Look over the listing below and work out how many lines have the word "dict". Write only that number.

Supplied data section start

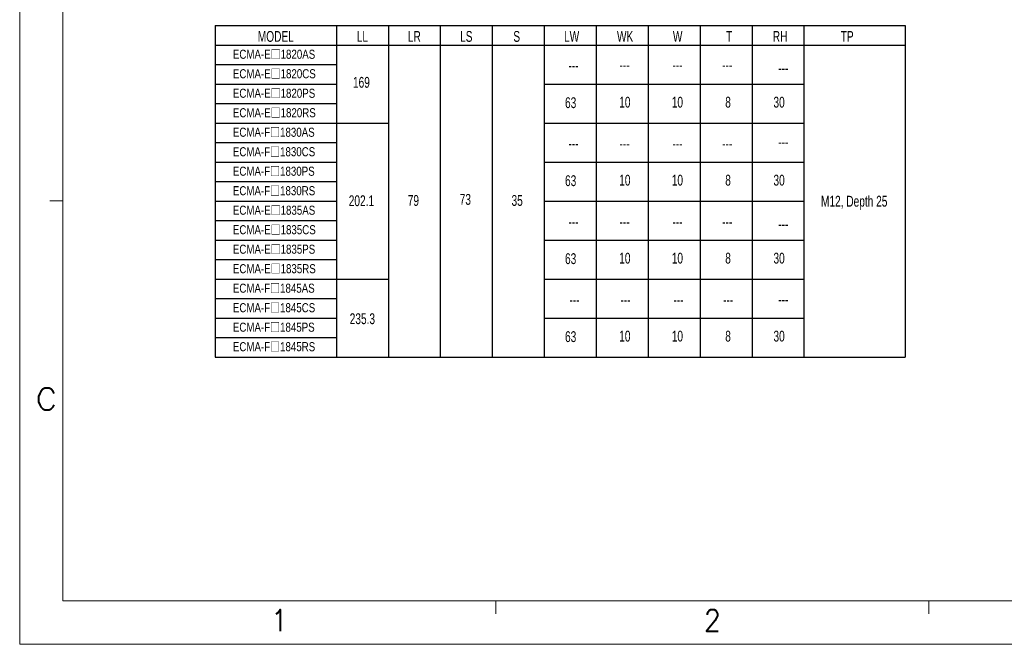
# Model space of a CAD drawing. Header units: millimetres. Extents: x -171 to 249, y 320 to 617.
# Tile 1 of 5: x -171 to 56, y 320 to 465. Entities that reach past the tile are written whole.
import ezdxf
from ezdxf.enums import TextEntityAlignment as Align

# ---------------------------------------------------------------- set-up
doc = ezdxf.new("R2010")
doc.units = ezdxf.units.MM
doc.header["$LTSCALE"] = 23.1
doc.layers.get('0').update_dxf_attribs({"linetype": 'CONTINUOUS'})
doc.styles.get("Standard").update_dxf_attribs({"font": 'txt', "width": 0.7})
doc.styles.add('TEXTSTYLE_0', font='txt.shx', dxfattribs={"width": 0.8})

msp = doc.modelspace()

# ---------------------------------------------------------------- linework, layer by layer
at = {"color": 7, "linetype": 'Continuous', "lineweight": 13}
for p, q in [((-171.483, 617.337), (-171.483, 320.337)), ((-161.483, 607.337), (-161.483, 330.337)), ((-161.483, 422.671), (-164.483, 422.671)), ((238.517, 330.337), (-161.483, 330.337)), ((-61.483, 330.337), (-61.483, 327.337)), ((38.517, 330.337), (38.517, 327.337)), ((-171.483, 320.337), (248.517, 320.337))]:
    msp.add_line(p, q, dxfattribs=at)
at = {"color": 7, "linetype": 'Continuous'}
for p, q in [((-126.323, 463.15), (-38.323, 463.15)), ((-126.323, 463.15), (-126.323, 386.65)), ((-98.323, 463.15), (-98.323, 386.65)), ((-86.323, 463.15), (-86.323, 386.65)), ((-74.323, 463.15), (-74.323, 386.65)), ((-62.323, 463.15), (-62.323, 386.65)), ((-50.323, 463.15), (-50.323, 386.65)), ((-38.323, 463.15), (-38.323, 386.65)), ((-38.323, 463.15), (33.03, 463.15)), ((-26.323, 463.15), (-26.323, 386.65)), ((-14.323, 463.15), (-14.323, 386.65)), ((-2.323, 463.15), (-2.323, 386.65)), ((9.677, 463.15), (9.677, 386.65)), ((-126.323, 458.65), (-38.323, 458.65)), ((-38.323, 458.65), (33.03, 458.65)), ((-126.323, 454.15), (-98.323, 454.15)), ((-126.323, 449.65), (-98.323, 449.65)), ((-50.323, 449.65), (9.677, 449.65)), ((-126.323, 445.15), (-98.323, 445.15)), ((-126.323, 440.65), (-86.323, 440.65)), ((-50.323, 440.65), (9.677, 440.65)), ((-126.323, 436.15), (-98.323, 436.15)), ((-126.323, 431.65), (-98.323, 431.65)), ((-50.323, 431.65), (9.677, 431.65)), ((-126.323, 427.15), (-98.323, 427.15)), ((-126.323, 422.65), (-98.323, 422.65)), ((-50.323, 422.65), (9.677, 422.65)), ((-126.323, 418.15), (-98.323, 418.15)), ((-126.323, 413.65), (-98.323, 413.65)), ((-50.323, 413.65), (9.677, 413.65)), ((-126.323, 409.15), (-98.323, 409.15)), ((-126.323, 404.65), (-86.323, 404.65)), ((-50.323, 404.65), (9.677, 404.65)), ((-126.323, 400.15), (-98.323, 400.15)), ((-126.323, 395.65), (-98.323, 395.65)), ((-50.323, 395.65), (9.677, 395.65)), ((-126.323, 391.15), (-98.323, 391.15)), ((-126.323, 386.65), (33.03, 386.65))]:
    msp.add_line(p, q, dxfattribs=at)
msp.add_line((33.03, 463.15), (33.03, 386.65))

# ---------------------------------------------------------------- texts
at = {"color": 7, "linetype": 'Continuous', "width": 0.7}
for s, p in [('MODEL', (-112.323, 459.4)), ('LL', (-92.323, 459.4)), ('LR', (-80.323, 459.4)), ('LS', (-68.323, 459.4)), ('S', (-56.677, 459.4)), ('LW', (-43.992, 459.4)), ('WK', (-31.632, 459.4)), ('W', (-19.499, 459.4)), ('T', (-7.579, 459.4)), ('RH', (4.155, 459.4)), ('TP', (19.654, 459.4)), ('---', (-43.559, 452.692)), ('---', (-31.761, 452.805)), ('---', (-19.533, 452.805)), ('---', (-8.046, 452.805)), ('---', (4.908, 452.1)), ('169', (-92.548, 448.798)), ('63', (-44.217, 444.1)), ('10', (-31.697, 444.217)), ('10', (-19.564, 444.217)), ('8', (-7.857, 444.217)), ('30', (3.93, 444.217)), ('---', (-43.559, 434.688)), ('---', (-31.761, 434.649)), ('---', (-19.533, 434.649)), ('---', (-8.046, 434.649)), ('---', (4.908, 435.037)), ('63', (-44.217, 426.1)), ('10', (-31.697, 426.217)), ('10', (-19.564, 426.217)), ('8', (-7.857, 426.217)), ('30', (3.93, 426.217)), ('202.1', (-92.548, 421.471)), ('79', (-80.548, 421.531)), ('73', (-68.548, 421.778)), ('35', (-56.577, 421.533)), ('M12, Depth 25', (21.28, 421.358)), ('---', (-43.559, 416.636)), ('---', (-31.761, 416.593)), ('---', (-19.533, 416.593)), ('---', (-8.046, 416.593)), ('---', (4.908, 416.073)), ('63', (-44.217, 408.1)), ('10', (-31.697, 408.217)), ('10', (-19.564, 408.217)), ('8', (-7.857, 408.217)), ('30', (3.93, 408.217)), ('---', (-43.337, 398.616)), ('---', (-31.54, 398.601)), ('---', (-19.311, 398.601)), ('---', (-7.824, 398.601)), ('---', (4.908, 398.707)), ('235.3', (-92.326, 394.236)), ('63', (-44.217, 390.1)), ('10', (-31.697, 390.217)), ('10', (-19.564, 390.217)), ('8', (-7.857, 390.217)), ('30', (3.93, 390.217))]:
    msp.add_text(s, height=2.5, dxfattribs=at).set_placement(p, align=Align.CENTER)
at = {"color": 7, "linetype": 'Continuous', "lineweight": 13, "style": 'TEXTSTYLE_0'}
for s, width, p, p2 in [('C', 1.511152, (-167.827, 374.433), (-162.79, 374.433)), ('1', 2.330855, (-113.42, 323.342), (-109.535, 323.342)), ('2', 1.165428, (-13.42, 323.342), (-9.535, 323.342))]:
    msp.add_text(s, height=5, dxfattribs=dict(at, width=width)).set_placement(p, p2, align=Align.FIT)
at = {"char_height": 2.1, "width": 38.00591, "attachment_point": 1}
for s, insert in [('{\\W0.8;ECMA-E\\fPMingLiU|b0|i0|c136|p18;□\\Ftxt|c0;1820AS}', (-122.243, 457.583)), ('{\\W0.8;ECMA-E\\fPMingLiU|b0|i0|c136|p18;□\\Ftxt|c0;1820CS}', (-122.243, 453.083)), ('{\\W0.8;ECMA-E\\fPMingLiU|b0|i0|c136|p18;□\\Ftxt|c0;1820PS}', (-122.243, 448.583)), ('{\\W0.8;ECMA-E\\fPMingLiU|b0|i0|c136|p18;□\\Ftxt|c0;1820RS}', (-122.243, 444.083)), ('{\\W0.8;ECMA-F\\fPMingLiU|b0|i0|c136|p18;□\\Ftxt|c0;1830AS}', (-122.243, 439.583)), ('{\\W0.8;ECMA-F\\fPMingLiU|b0|i0|c136|p18;□\\Ftxt|c0;1830CS}', (-122.243, 435.083)), ('{\\W0.8;ECMA-F\\fPMingLiU|b0|i0|c136|p18;□\\Ftxt|c0;1830PS}', (-122.243, 430.583)), ('{\\W0.8;ECMA-F\\fPMingLiU|b0|i0|c136|p18;□\\Ftxt|c0;1830RS}', (-122.243, 426.083)), ('{\\W0.8;ECMA-E\\fPMingLiU|b0|i0|c136|p18;□\\Ftxt|c0;1835AS}', (-122.243, 421.583)), ('{\\W0.8;ECMA-E\\fPMingLiU|b0|i0|c136|p18;□\\Ftxt|c0;1835CS}', (-122.243, 417.083)), ('{\\W0.8;ECMA-E\\fPMingLiU|b0|i0|c136|p18;□\\Ftxt|c0;1835PS}', (-122.243, 412.583)), ('{\\W0.8;ECMA-E\\fPMingLiU|b0|i0|c136|p18;□\\Ftxt|c0;1835RS}', (-122.243, 408.083)), ('{\\W0.8;ECMA-F\\fPMingLiU|b0|i0|c136|p18;□\\Ftxt|c0;1845AS}', (-122.243, 403.583)), ('{\\W0.8;ECMA-F\\fPMingLiU|b0|i0|c136|p18;□\\Ftxt|c0;1845CS}', (-122.243, 399.083)), ('{\\W0.8;ECMA-F\\fPMingLiU|b0|i0|c136|p18;□\\Ftxt|c0;1845PS}', (-122.243, 394.583)), ('{\\W0.8;ECMA-F\\fPMingLiU|b0|i0|c136|p18;□\\Ftxt|c0;1845RS}', (-122.243, 390.083))]:
    msp.add_mtext(s, dxfattribs=dict(at, insert=insert))

doc.saveas('drawing.dxf')

Supplied data section end

_Solution to the problem_.
2